Referring to FIG. 2, at least one first flow channel 322 and at least one second flow channel 312 are formed inside the raw material processing device 300. The first flow channel 322 is used for the elastic polymer material 120 to flow therethrough, and the second flow channel 312 is used for the binding material 220 to flow therethrough. In the example embodiment shown in FIG. 2, the raw material processing device 300 is assembled from at least a first component 320, a second component 310 and a third component 330. The first component 320 and the third component 330 define one or more first flow channels 322. For example, the first component 320 is adjacent to the third component 330, but at least one of the first component 320 and the third component 330 includes one or more recesses at a contact position, so as to form the aforementioned one or more first flow channels 322. For example, in an example embodiment, the first component 320 and the third component 330 define a first flow channel 322, and the first flow channel 322 is substantially flat in part or in whole and is in communication with the confluence cavity 340. In another example embodiment, the first component 320 and the third component 330 define two or more first flow channels 322, and the two or more first flow channels 322 are each connected to the confluence cavity 340. Similarly, the second component 310 and the third component 330 define one or more second flow channels 312. For example, the second component 310 is adjacent to the third component 330, but at least one of the second component 310 and the third component 330 includes one or more recesses at the contact position, so as to form the aforementioned one or more second flow channels 312. According to an example embodiment, the second component 310 and the third component 330 define a second flow channel 312, and the second flow channel 312 is substantially flat in part or in whole and is in communication with the confluence cavity 340. According to another example embodiment, the second component 310 and the third component 330 define two or more second flow channels 312, and the two or more second flow channels 312 are each connected to the confluence cavity 340.

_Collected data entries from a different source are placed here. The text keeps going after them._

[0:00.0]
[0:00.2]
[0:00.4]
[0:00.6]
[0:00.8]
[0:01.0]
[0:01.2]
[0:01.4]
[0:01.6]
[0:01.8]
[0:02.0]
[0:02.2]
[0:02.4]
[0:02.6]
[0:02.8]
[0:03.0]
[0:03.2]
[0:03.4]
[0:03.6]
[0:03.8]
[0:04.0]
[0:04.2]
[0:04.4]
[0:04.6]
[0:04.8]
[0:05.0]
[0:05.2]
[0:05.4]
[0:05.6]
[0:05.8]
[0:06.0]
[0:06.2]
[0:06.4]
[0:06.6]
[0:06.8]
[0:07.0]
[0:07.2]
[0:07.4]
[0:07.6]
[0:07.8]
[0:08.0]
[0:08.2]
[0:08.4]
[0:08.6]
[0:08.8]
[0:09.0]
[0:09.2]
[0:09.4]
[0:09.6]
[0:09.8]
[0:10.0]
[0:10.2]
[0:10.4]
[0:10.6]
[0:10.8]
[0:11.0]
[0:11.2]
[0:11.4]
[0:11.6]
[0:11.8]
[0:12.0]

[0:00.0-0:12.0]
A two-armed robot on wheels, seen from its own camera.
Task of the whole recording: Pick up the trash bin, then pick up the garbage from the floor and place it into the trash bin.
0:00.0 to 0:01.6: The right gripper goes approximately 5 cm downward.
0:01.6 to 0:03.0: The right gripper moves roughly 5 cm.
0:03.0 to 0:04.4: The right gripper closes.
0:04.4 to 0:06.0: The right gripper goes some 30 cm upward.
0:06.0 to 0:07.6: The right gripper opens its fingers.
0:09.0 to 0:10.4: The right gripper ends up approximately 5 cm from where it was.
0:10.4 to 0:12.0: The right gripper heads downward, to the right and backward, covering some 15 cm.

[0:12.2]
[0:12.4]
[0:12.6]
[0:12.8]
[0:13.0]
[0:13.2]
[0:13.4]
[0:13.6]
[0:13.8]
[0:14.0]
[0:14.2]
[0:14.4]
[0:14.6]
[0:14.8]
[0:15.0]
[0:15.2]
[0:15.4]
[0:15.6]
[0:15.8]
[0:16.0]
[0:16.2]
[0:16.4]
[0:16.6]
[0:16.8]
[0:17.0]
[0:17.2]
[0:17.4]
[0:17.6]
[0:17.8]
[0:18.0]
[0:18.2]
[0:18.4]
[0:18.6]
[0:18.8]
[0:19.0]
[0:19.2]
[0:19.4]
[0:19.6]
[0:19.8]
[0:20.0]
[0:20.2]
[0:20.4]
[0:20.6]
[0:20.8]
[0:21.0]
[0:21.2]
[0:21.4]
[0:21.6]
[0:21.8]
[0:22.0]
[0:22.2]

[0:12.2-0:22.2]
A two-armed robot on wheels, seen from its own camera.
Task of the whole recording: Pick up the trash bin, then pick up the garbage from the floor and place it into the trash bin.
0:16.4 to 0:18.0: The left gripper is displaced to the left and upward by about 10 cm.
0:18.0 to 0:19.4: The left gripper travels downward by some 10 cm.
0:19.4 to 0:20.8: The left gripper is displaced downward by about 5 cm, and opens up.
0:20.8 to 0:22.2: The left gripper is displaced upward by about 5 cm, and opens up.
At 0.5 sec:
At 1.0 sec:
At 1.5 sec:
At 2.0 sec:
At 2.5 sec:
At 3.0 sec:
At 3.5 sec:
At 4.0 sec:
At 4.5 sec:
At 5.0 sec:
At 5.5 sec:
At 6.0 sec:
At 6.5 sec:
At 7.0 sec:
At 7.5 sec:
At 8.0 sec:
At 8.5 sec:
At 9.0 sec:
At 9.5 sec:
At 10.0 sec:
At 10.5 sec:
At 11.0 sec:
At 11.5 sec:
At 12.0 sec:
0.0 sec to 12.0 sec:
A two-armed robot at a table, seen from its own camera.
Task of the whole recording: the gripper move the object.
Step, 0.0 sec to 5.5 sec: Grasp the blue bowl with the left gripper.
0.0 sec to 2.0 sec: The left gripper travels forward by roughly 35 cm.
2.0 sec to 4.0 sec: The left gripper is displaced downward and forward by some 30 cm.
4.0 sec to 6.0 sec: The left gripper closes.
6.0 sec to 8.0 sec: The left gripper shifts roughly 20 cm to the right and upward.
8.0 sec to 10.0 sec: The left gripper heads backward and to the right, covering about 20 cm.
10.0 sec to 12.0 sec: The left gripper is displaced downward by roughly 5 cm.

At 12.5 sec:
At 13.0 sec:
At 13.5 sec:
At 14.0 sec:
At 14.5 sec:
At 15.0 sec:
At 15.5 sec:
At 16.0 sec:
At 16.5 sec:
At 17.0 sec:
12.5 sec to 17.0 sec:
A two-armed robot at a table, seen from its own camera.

The elastic polymer material 120 from the first flow channel 322 and the binding material 220 from the second flow channel 312 are partially mixed in the confluence cavity. As described above, the first material sheet 600 continues to be conveyed via the material outlet 302, and via the mixed part of the elastic polymer material 120 and the binding material 220, the two materials are tightly bonded together. In other words, in the first material sheet 600, the part of the elastic polymer material 120 that is not mixed with the binding material 220 forms a first layer 602 of the first material sheet, the part of the binding material 220 that is not mixed with the elastic polymer material 120 forms a second layer 604 of the first material sheet, the part where the elastic polymer material 120 and the binding material 220 are mixed forms a third layer 606 of the first material sheet, and the first layer 602 and the second layer 604 of the first material sheet are firmly bonded by means of the third layer 606. It should be understood that there are no distinct interface between the first layer 602 and the third layer 606 and between the second layer 604 and the third layer 606.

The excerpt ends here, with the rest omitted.